There’s nothing more satisfying than well-marbled pork browned slowly in its own rendered fat. The result in this case was a fragrant carnitas taco ($1.99), seasoned with bay leaves, fresh orange slices, and spicy peppers — tender and moist, with a trace of citrus. The desebrada taco ($1.99), filled with slow-cooked, fork-tender brisket marinated in a tomato and pepper sauce, was browned and crunchy on the edges. Maybe the best of the lot was the oily, salty chorizo taco ($1.99), marinated in chile seco sauce with allspice and cumin. All of the tacos are served on double-layered corn tortillas, with chopped white onions and cilantro.

The red hot sauce was a divine amalgam of tomatillos and red peppers. The green sauce, with a hint of garlic and salt, could have used a bit more of a kick.
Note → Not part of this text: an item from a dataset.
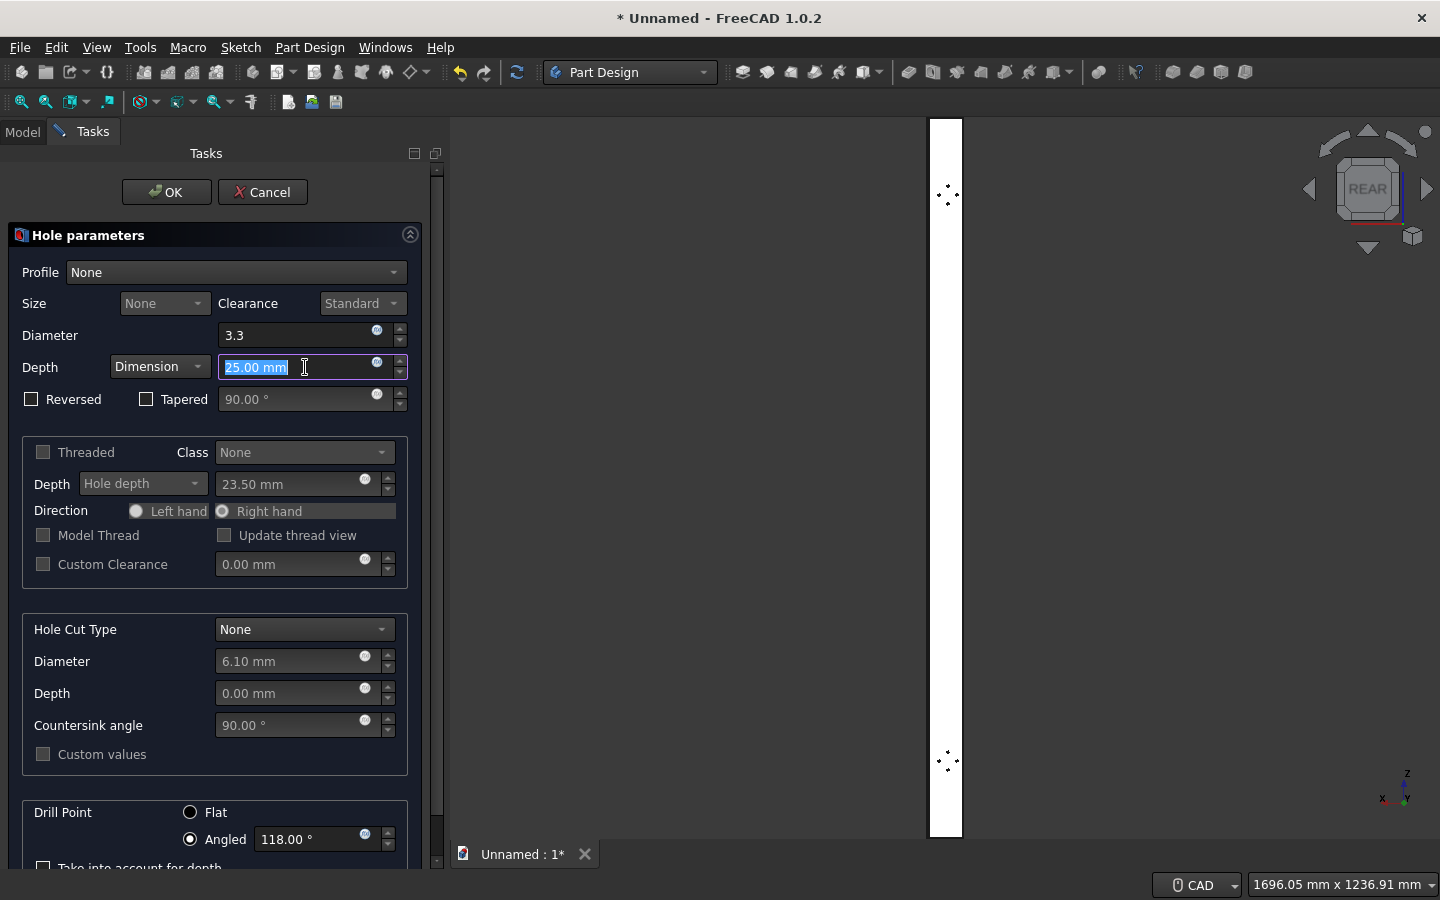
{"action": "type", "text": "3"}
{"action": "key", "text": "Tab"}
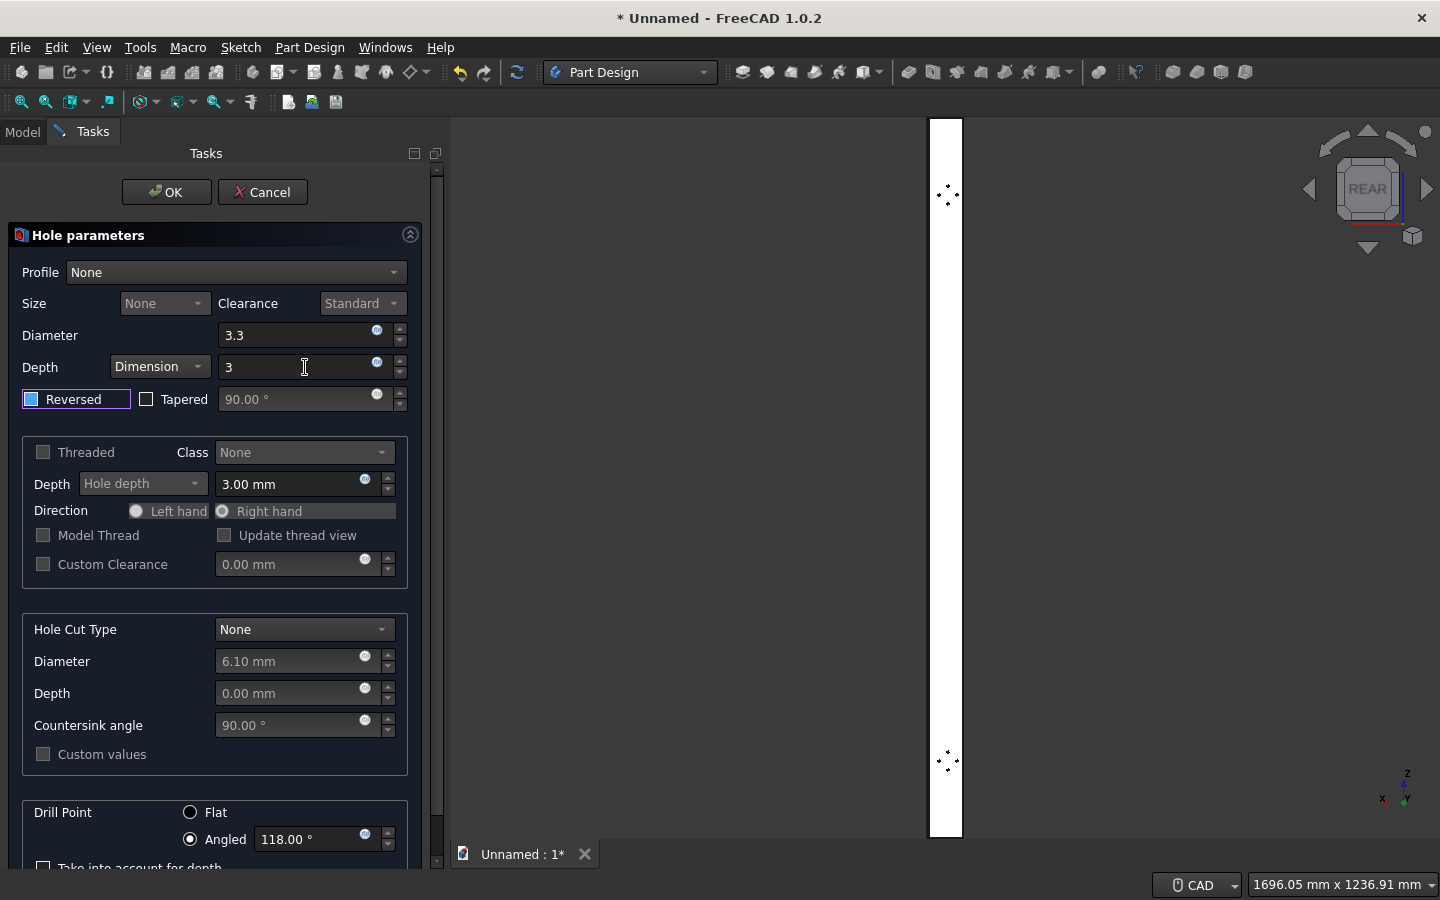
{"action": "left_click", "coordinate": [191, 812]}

I have a long-standing animosity toward televisions in the dining room. Since I was raised by a television, they’re like campfires to me, and I can’t help but stare. On our visit, the television was on, but the sound was off. I managed to tear my gaze away from the idiot box and focus on the up-tempo Spanish language pop music softly piping through the speakers.

The small dining room has floor-to-ceiling windows, creating an open and bright atmosphere. The walls are lined with colorful abstract paintings. Though the yellow booths look like holdovers from a Subway sandwich shop, the dining room is laid out expertly, making excellent use of the space.

Though I miss my heart-attack sandwich from La Media Naranja, those tacos really lightened the blow, if not my cholesterol level. This could be the beginning of a beautiful relationship.